We are happy to be back following our holiday hiatus. Unfortunately, 2021 is not turning out to be what anyone had hoped for. This is not a happy time. Trump supporters—among them white supremacists, neo-Nazis, and QAnon followers—stormed the Capitol on Wednesday in an attempted coup. Meanwhile, Covid-19 continues to surge. Deaths are hitting record highs, but life-saving vaccination efforts are moving at an alarmingly slow pace.

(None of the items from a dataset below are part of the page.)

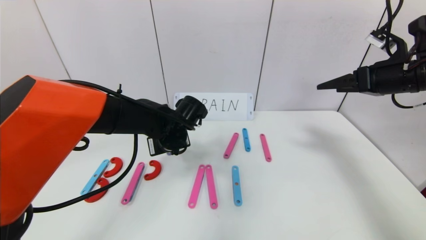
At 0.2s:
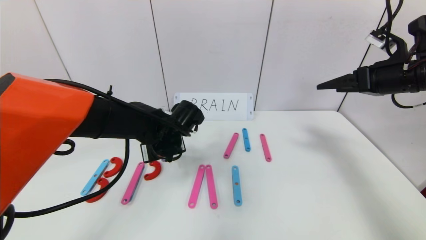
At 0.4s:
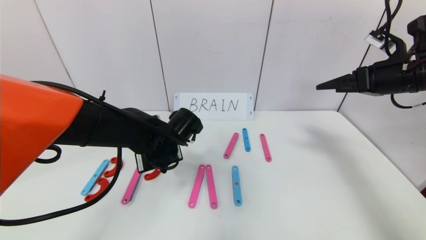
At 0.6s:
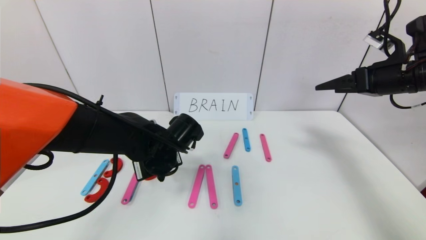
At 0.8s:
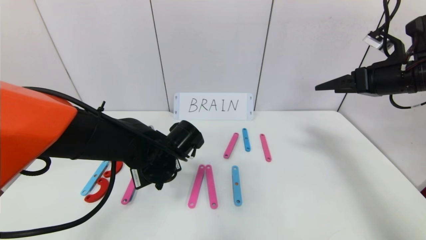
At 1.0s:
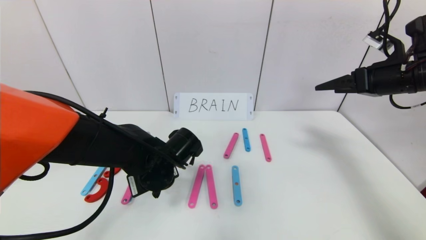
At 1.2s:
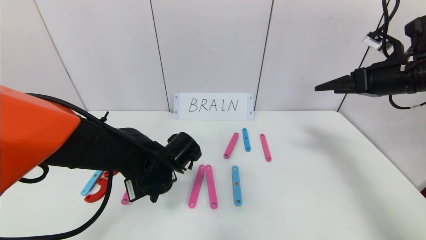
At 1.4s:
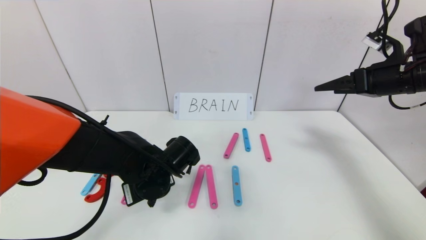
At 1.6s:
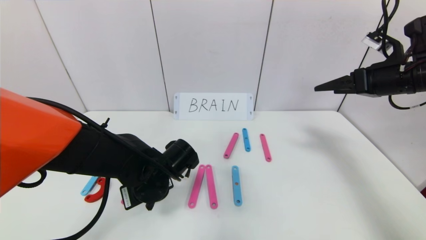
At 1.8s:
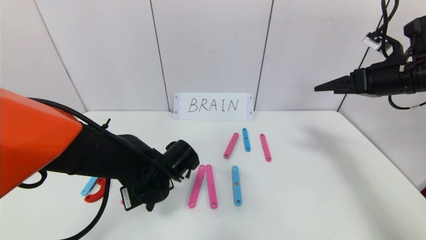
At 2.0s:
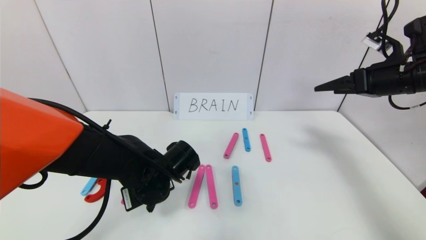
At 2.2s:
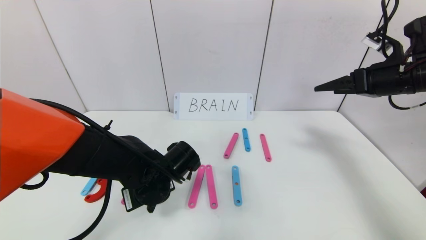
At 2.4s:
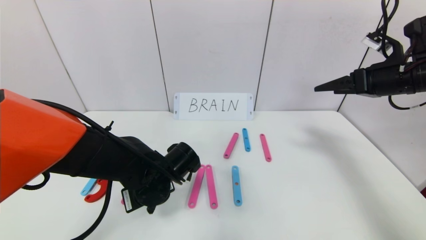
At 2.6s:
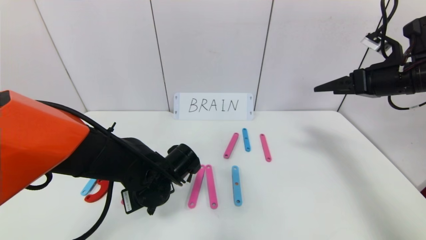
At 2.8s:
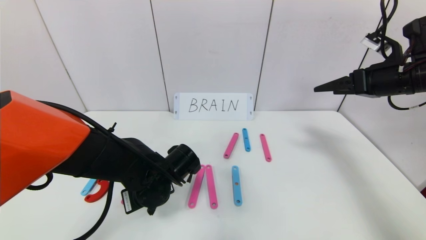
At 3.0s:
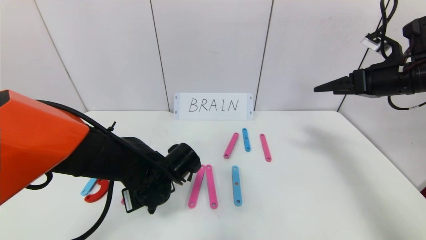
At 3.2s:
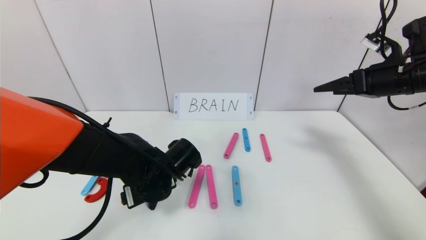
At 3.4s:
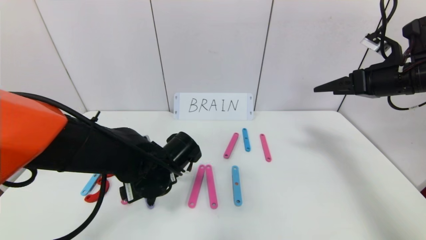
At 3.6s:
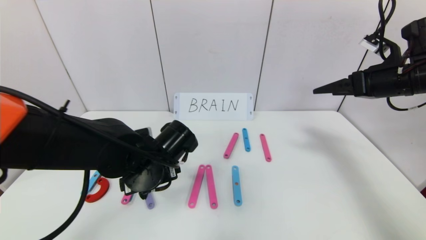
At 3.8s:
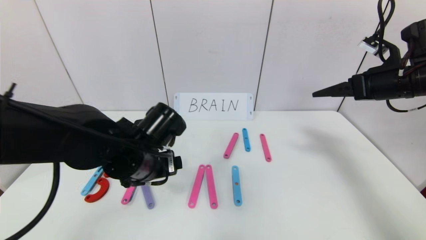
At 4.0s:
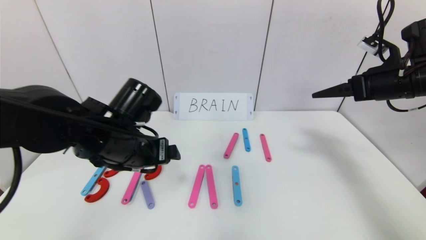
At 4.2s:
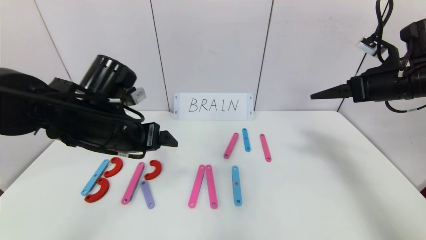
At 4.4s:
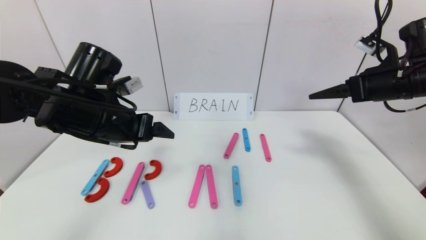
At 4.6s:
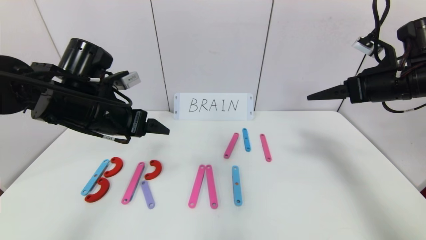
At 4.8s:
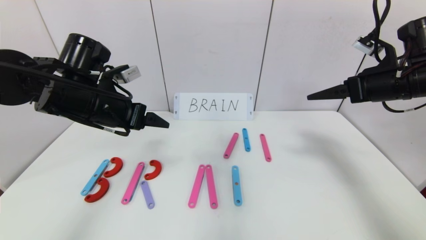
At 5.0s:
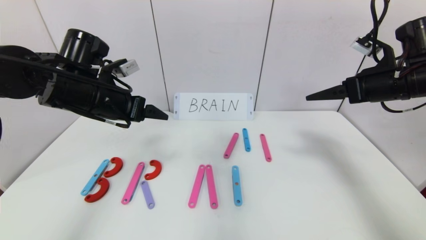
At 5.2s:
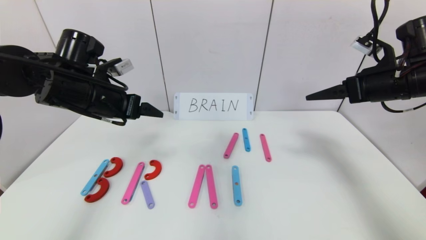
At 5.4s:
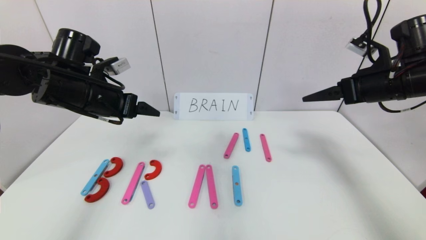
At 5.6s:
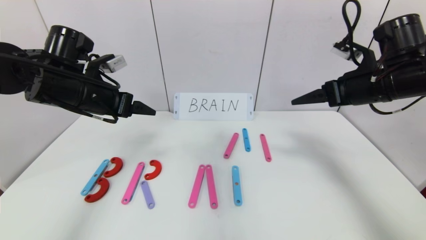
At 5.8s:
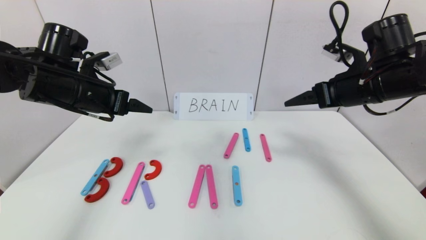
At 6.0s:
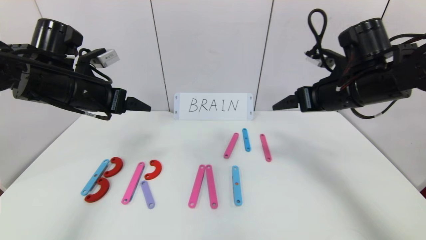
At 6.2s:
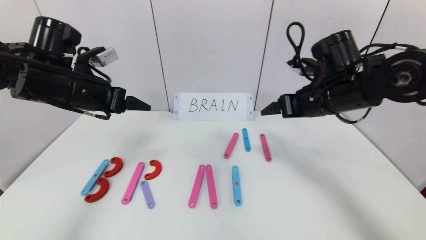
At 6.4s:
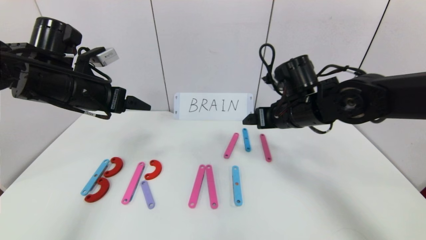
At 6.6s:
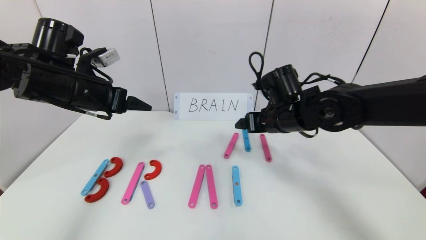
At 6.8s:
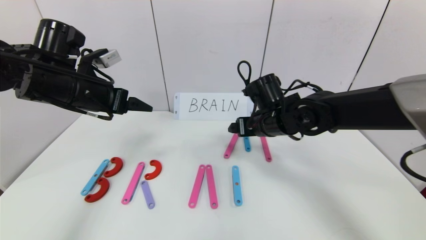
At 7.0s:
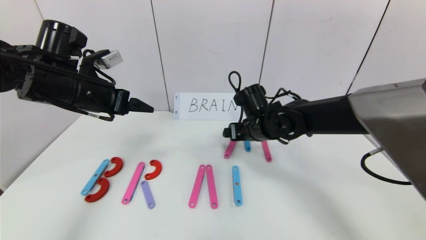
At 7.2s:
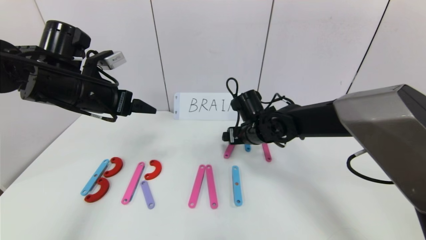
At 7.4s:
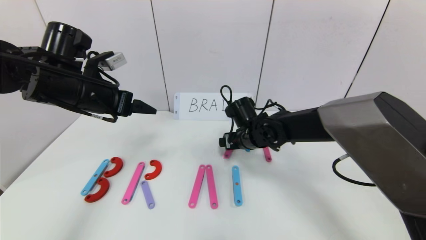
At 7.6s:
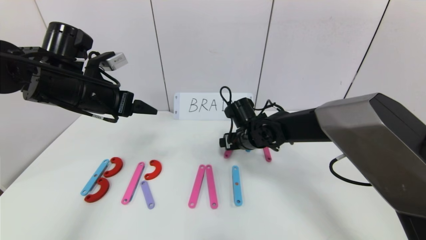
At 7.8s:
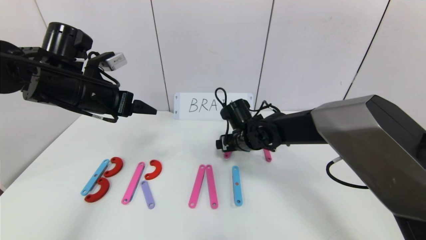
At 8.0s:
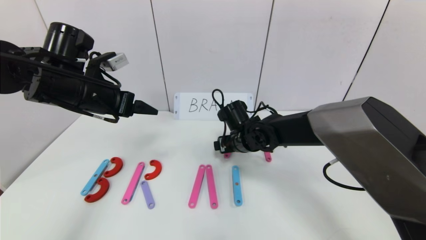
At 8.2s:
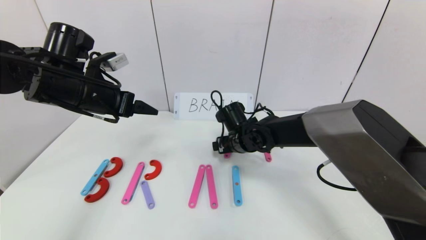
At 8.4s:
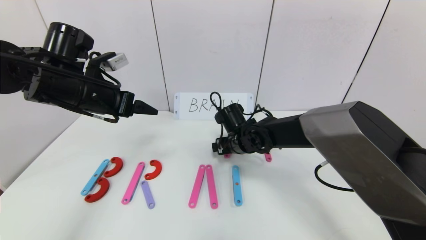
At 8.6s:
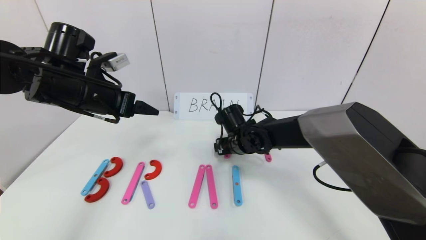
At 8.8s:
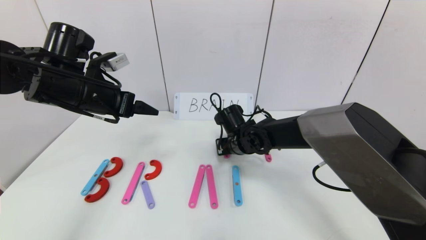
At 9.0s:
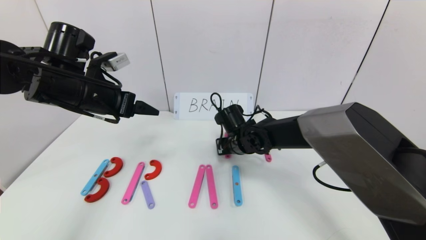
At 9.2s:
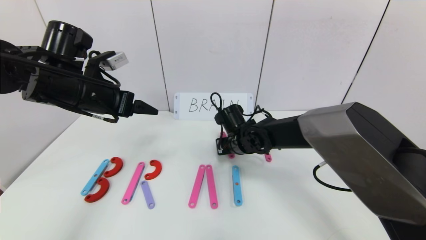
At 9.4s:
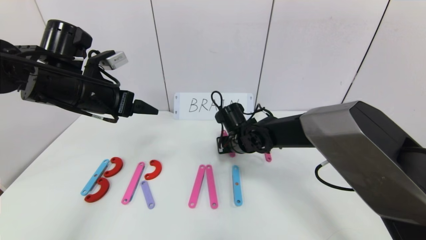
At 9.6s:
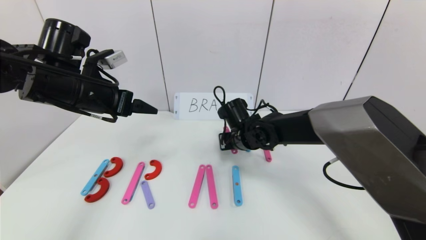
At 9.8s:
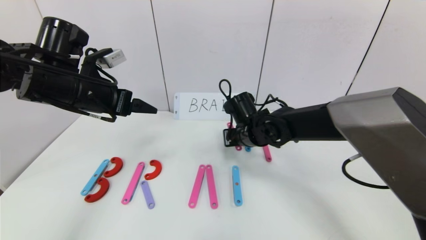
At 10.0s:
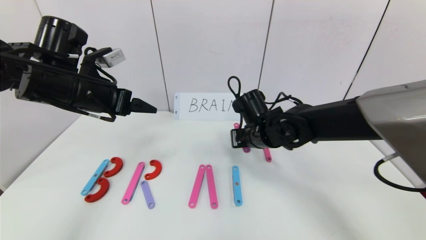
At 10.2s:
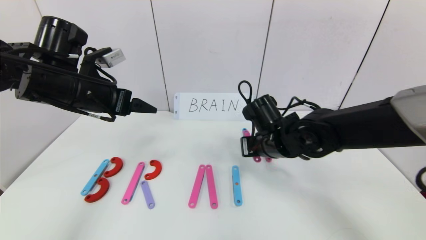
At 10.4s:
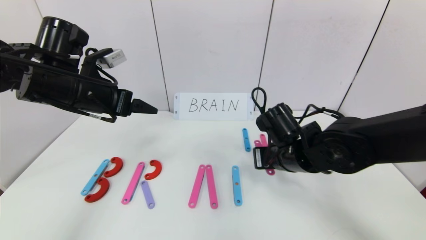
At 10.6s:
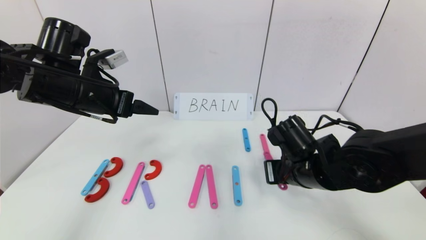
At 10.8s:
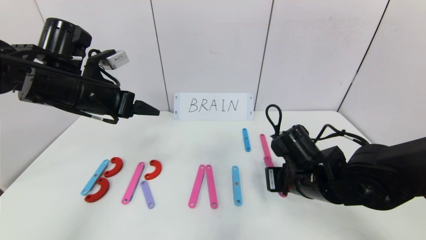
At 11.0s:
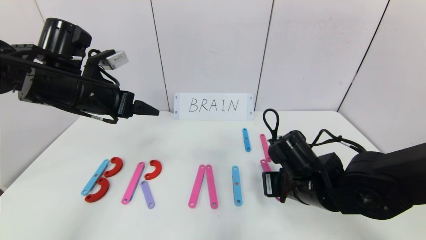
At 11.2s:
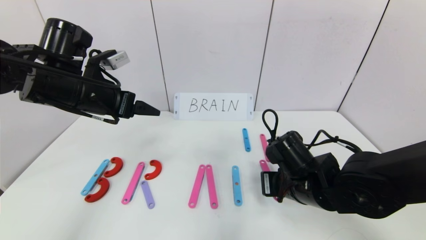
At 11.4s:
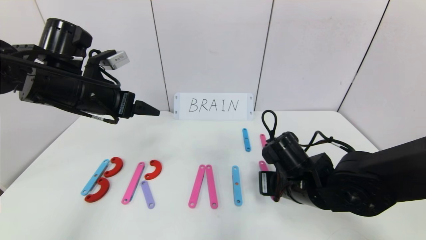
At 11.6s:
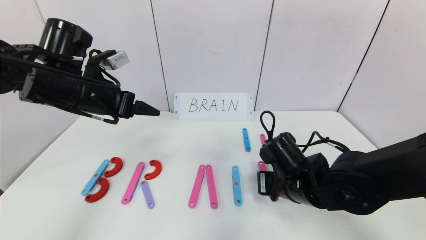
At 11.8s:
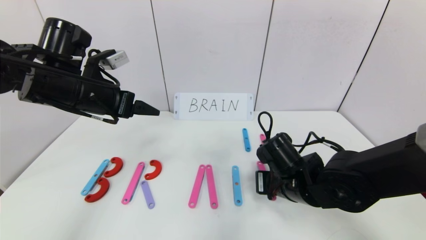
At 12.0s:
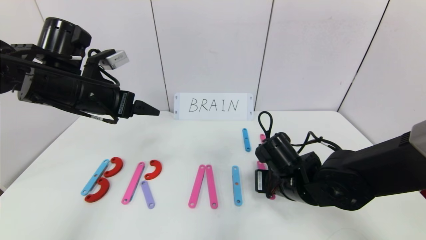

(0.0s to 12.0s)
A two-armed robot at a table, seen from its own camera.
Task of the whole recording: rearrange the word baai as brain.
Step, 0.0s - 2.8s: Place the character R between first character B and third character A.
0.0s - 1.6s: The left gripper is displaced backward by approximately 10 cm.
1.6s - 3.0s: The left gripper opens.
3.0s - 4.4s: The left gripper shifts approximately 15 cm upward and to the left.
4.4s - 6.0s: The left gripper travels to the left by about 5 cm. The right gripper shifts roughly 10 cm to the left.
6.0s - 7.6s: The right gripper heads downward, to the left and forward, covering roughly 25 cm.
7.6s - 9.0s: The right gripper closes its fingers.
9.0s - 10.4s: The right gripper moves backward, to the right and upward, approximately 15 cm.
10.4s - 12.0s: The right gripper shifts by about 5 cm.

Since there is so much going on, Allegedly’s focus this week will be Sean Piccoli’s follow-up interviews with mayoral hopefuls about policing.

Stay safe, everyone.

The Allegedly Original

New York City’s Mayoral Hopefuls on Policing: Part Two

By Sean Piccoli

With the New York Police Department under pressure to justify itself, and a mayoral election coming up, Allegedly is asking candidates for City Hall how they will deal with the country’s largest municipal police force. 

Policing was the subject of street protests that spread across the country starting in May after the death of an unarmed Black man, George Floyd, at the hands of Minneapolis police. Demonstrators in New York City chanted “no justice, no peace” to protest cops who brutalize people of color, and an aggressive NYPD response to the marches—pepper spraying, clubbing, and mass arrests using a round-up technique called “kettling”—spurred even more criticism. A formal investigation found that police used excessive and indiscriminate force against peaceful protestors who were out past curfew. 

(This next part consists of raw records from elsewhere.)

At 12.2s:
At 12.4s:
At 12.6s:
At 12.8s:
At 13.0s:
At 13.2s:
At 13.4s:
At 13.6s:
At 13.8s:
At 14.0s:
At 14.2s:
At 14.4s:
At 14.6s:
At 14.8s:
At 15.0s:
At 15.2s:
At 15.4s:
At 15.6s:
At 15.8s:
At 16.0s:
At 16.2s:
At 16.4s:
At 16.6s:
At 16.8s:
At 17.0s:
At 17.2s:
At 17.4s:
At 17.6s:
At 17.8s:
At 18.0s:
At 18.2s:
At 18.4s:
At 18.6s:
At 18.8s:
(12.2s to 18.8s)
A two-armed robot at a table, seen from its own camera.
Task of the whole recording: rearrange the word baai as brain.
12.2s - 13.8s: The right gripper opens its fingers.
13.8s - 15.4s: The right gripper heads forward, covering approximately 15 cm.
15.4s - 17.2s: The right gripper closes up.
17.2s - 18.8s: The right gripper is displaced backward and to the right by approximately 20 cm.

At the same time, shootings in a city traumatized by Covid-19 were reaching numbers not seen in more than a decade. On top of the toll of the pandemic, homicides in New York soared (even as other categories of violence fell), according to the NYPD’s own year-end statistics. As NYPD officials were criticized for over-policing protests, the department also heard accusations—which it denied—that cops sat on their hands where more serious crime was concerned in 2020 and allowed gun violence to spiral as payback for having their methods questioned.

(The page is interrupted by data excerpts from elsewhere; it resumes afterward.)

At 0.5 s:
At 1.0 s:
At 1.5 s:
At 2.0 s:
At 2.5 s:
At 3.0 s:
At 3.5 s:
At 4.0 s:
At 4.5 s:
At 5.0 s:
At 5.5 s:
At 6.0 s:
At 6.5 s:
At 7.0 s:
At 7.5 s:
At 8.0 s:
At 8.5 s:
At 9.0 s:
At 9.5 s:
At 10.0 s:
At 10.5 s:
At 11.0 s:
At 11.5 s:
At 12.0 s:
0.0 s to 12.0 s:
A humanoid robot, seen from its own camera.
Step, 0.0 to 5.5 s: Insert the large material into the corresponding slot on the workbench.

A department that had prided itself on being a national model for public safety started the new year with its budget slashed and its status changed to an “election-year issue.”

In Allegedly’s first canvas of would-be New York mayors, four of the ten candidates we contacted talked about how to keep people safe while protecting the city’s most vulnerable, most-policed populations from being harmed by the criminal justice system. Earlier, we posed the same questions to candidates for Manhattan District Attorney. 

For this final installment of interviews on policing with mayoral hopefuls, four more candidates followed suit, taking two questions each on police reform and racial disparities with five minutes allotted for each answer. Their replies are presented in the chronological order in which they were interviewed for this article.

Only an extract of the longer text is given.